Dataset Block Start

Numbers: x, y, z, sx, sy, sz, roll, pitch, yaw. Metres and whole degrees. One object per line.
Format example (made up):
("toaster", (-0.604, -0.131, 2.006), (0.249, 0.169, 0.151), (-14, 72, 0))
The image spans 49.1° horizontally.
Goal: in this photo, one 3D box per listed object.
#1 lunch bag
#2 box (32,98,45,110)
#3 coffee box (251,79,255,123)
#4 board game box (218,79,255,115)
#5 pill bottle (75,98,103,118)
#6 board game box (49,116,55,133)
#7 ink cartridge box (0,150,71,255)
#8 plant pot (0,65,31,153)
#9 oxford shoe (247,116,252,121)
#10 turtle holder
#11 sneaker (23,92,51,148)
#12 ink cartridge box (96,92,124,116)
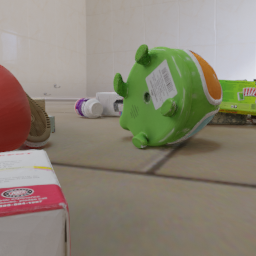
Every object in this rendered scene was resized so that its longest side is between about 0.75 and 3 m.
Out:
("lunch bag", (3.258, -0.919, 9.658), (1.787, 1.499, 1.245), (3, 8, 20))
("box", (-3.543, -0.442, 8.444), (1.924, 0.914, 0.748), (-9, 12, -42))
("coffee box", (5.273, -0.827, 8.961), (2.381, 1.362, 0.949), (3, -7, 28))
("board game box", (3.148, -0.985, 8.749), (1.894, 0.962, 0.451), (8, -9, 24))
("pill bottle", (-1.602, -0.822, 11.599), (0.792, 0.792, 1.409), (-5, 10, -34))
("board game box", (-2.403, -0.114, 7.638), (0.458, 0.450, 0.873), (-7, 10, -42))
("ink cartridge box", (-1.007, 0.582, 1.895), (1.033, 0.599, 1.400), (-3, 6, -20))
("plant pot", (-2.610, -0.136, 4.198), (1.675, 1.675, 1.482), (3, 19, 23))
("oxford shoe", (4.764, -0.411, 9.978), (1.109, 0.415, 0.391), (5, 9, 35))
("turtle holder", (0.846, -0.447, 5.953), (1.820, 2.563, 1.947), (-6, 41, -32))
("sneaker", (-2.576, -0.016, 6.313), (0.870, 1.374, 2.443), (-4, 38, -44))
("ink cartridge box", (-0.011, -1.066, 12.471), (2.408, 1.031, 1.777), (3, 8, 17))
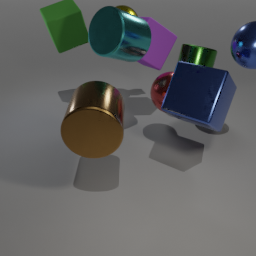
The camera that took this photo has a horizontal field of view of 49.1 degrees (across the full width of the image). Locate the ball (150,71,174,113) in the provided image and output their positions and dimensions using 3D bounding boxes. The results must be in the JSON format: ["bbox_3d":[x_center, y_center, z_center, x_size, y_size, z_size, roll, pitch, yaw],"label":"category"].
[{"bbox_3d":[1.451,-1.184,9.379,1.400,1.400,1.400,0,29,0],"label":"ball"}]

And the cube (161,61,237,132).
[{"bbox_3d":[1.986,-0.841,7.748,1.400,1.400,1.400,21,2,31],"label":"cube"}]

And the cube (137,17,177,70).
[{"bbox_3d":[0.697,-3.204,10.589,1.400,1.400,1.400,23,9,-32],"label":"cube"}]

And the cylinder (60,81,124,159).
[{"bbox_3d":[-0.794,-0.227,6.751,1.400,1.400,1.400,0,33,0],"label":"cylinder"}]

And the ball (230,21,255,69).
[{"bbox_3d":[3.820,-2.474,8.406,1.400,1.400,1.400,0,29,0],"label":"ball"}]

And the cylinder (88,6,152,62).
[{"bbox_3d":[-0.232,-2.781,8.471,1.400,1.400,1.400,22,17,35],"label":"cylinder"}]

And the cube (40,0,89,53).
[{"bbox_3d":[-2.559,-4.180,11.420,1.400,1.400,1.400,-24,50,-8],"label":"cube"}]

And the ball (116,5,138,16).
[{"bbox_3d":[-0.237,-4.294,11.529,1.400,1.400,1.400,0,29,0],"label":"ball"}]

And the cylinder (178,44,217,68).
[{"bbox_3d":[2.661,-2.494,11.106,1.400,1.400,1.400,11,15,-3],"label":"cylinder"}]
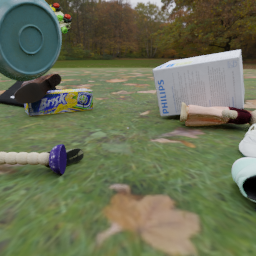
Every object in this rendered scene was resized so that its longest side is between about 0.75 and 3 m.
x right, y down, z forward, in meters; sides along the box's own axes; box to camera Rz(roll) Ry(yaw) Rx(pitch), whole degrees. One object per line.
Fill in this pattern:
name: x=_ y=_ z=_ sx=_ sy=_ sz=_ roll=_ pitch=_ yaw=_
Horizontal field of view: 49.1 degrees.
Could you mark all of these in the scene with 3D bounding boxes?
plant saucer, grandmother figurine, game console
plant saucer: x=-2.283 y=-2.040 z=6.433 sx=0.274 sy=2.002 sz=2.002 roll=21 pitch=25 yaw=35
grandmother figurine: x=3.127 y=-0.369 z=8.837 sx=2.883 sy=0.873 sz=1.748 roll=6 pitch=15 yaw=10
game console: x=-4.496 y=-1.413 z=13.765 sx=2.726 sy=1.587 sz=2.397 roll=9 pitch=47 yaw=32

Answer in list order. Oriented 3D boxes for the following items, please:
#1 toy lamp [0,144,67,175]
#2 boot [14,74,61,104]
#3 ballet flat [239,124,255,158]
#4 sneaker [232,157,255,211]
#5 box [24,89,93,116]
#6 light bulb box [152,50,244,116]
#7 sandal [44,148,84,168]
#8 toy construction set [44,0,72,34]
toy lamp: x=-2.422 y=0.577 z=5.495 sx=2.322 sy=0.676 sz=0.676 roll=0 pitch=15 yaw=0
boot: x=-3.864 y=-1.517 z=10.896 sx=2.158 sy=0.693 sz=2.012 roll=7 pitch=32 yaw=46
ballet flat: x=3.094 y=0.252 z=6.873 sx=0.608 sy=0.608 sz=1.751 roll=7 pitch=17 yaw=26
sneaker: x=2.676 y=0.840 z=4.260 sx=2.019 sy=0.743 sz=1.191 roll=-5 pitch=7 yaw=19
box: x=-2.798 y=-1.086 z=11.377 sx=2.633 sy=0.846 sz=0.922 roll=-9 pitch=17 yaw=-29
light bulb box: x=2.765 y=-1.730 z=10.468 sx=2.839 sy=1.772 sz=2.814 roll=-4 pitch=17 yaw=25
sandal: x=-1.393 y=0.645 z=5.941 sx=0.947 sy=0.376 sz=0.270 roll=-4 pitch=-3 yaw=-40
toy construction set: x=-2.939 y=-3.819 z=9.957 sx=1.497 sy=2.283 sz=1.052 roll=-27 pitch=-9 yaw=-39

Dataset Block End

Exercise →
Please transcribe only the lines in the records above running from the line that has "#4 sneaker [232,157,255,211]" through the line that has "#7 sandal [44,148,84,168]", both included, exactly as they appear.

Your response →
#4 sneaker [232,157,255,211]
#5 box [24,89,93,116]
#6 light bulb box [152,50,244,116]
#7 sandal [44,148,84,168]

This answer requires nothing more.